- Born: 7 August 1898 Coventry, Warwickshire, England
- Died: 11 July 1969 (aged 70) London, England
- Allegiance: United Kingdom
- Branch: British Army Royal Air Force
- Service years: 1916–1919 1921
- Rank: Captain
- Unit: No. 54 Squadron RFC
- Conflicts: World War I Western Front; ;
- Awards: Military Cross
- Relations: Sir Henry Maddocks (father)
- Other work: Barrister

= Henry Maddocks (RAF officer) =

British World War I flying ace

Captain Henry Hollingdrake Maddocks (7 August 1898 – 11 July 1969) was a British World War I flying ace credited with seven aerial victories.

==Biography==
Maddocks was the son of politician Sir Henry Maddocks. After serving as a sergeant in the Berkhamsted School Officers' Training Corps Maddocks was commissioned as a temporary second lieutenant for service in the Royal Flying Corps on 5 August 1916, and was appointed a flying officer on 26 December.

Maddocks was posted to No. 54 Squadron RFC, flying the Sopwith Pup single-seat fighter, and gained his first aerial victory on 12 August 1917, driving down an Albatros D.V out of control. On 16 September he sent an Albatros D.III down in flames east of Slype, and on the 25th did the same to another D.V north of Middelkerke. He and Second Lieutenant S. J. Schooley destroyed a D.V north of Diksmuide on 4 November.

On 17 December, Maddocks was awarded the Military Cross, which was gazetted on 19 April 1918. His citation read:
Second Lieutenant Henry Hollindrake Maddocks, General List and Royal Flying Corps.
"For conspicuous gallantry and devotion to duty. Whilst attacking two hostile aeroplanes he saw an enemy machine attacking one of his patrol. He at once attacked the enemy machine, which was seen to crash. On one occasion during a fight between seven enemy machines and a patrol of our scouts, he engaged one of the enemy machines causing it to drop from 6,000 feet to 1,000 feet, where it caught fire and dived vertically down.

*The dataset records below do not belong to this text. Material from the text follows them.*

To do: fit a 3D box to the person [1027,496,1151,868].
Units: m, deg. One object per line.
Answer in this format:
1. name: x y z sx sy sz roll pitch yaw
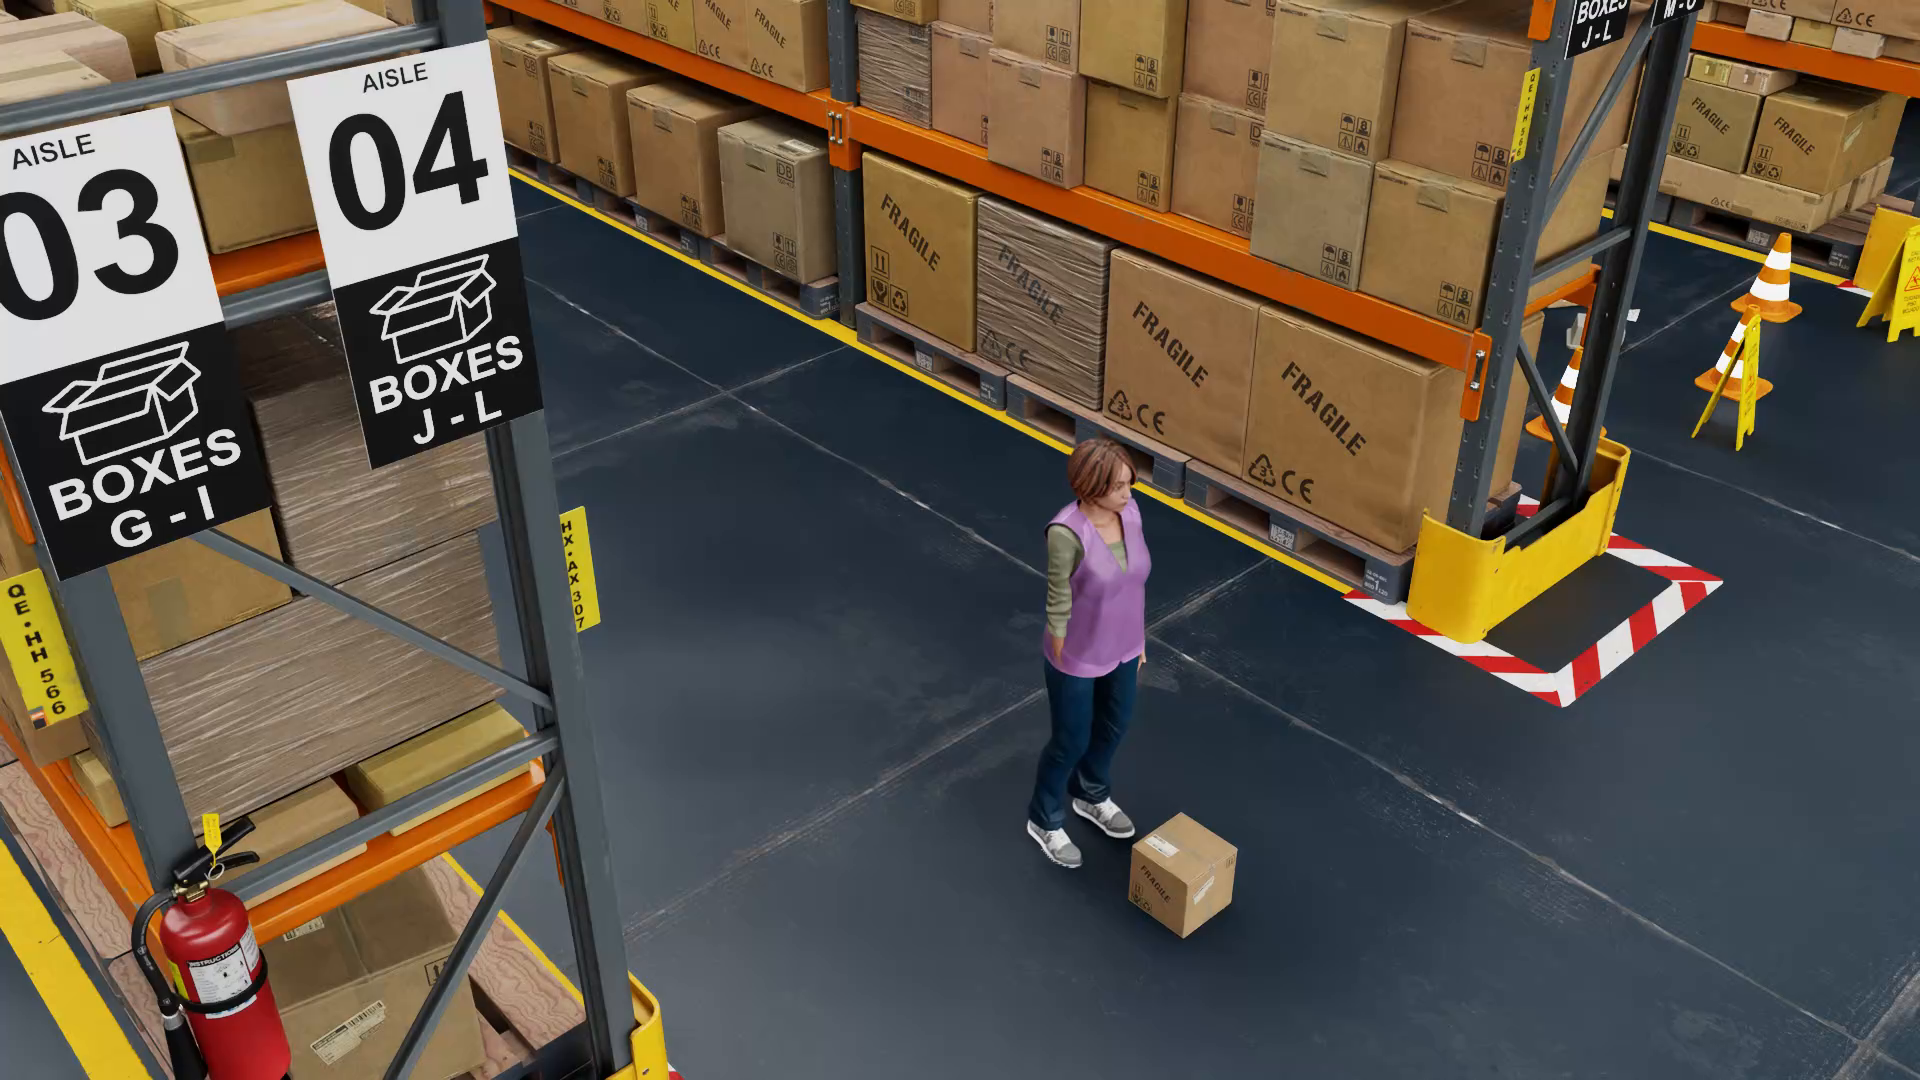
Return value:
1. person: 0.441 0.482 5.613 0.361 1.387 0.300 -25 40 -34

On two other occasions he drove down an enemy machine after a short fight. He has done consistent and continual good work."

No. 54 Squadron was then re-equipped with the Sopwith Camel, in which early on 3 January 1918 he sent down in flames a DFW C reconnaissance aircraft east of St. Quentin, and later the same day, two D.Vs over Honnecourt.

Maddocks was promoted to lieutenant on 5 February 1918, and left the Royal Air Force with the rank of captain, when transferred to the unemployed list on 28 May 1919. He was briefly restored to the active list for temporary duty in the Royal Air Force as a flight lieutenant between 10 April and 5 June 1921, being then re-transferred to the unemployed list.

His elder brother, Lt. John Anslow Maddocks, was killed in 1916.

Post-war Maddocks turned to the law as a profession, becoming a barrister, and being appointed recorder of the Borough of Burton-upon-Trent on 13 August 1938, and a member of the Royal Commission on Marriage and Divorce on 20 May 1952.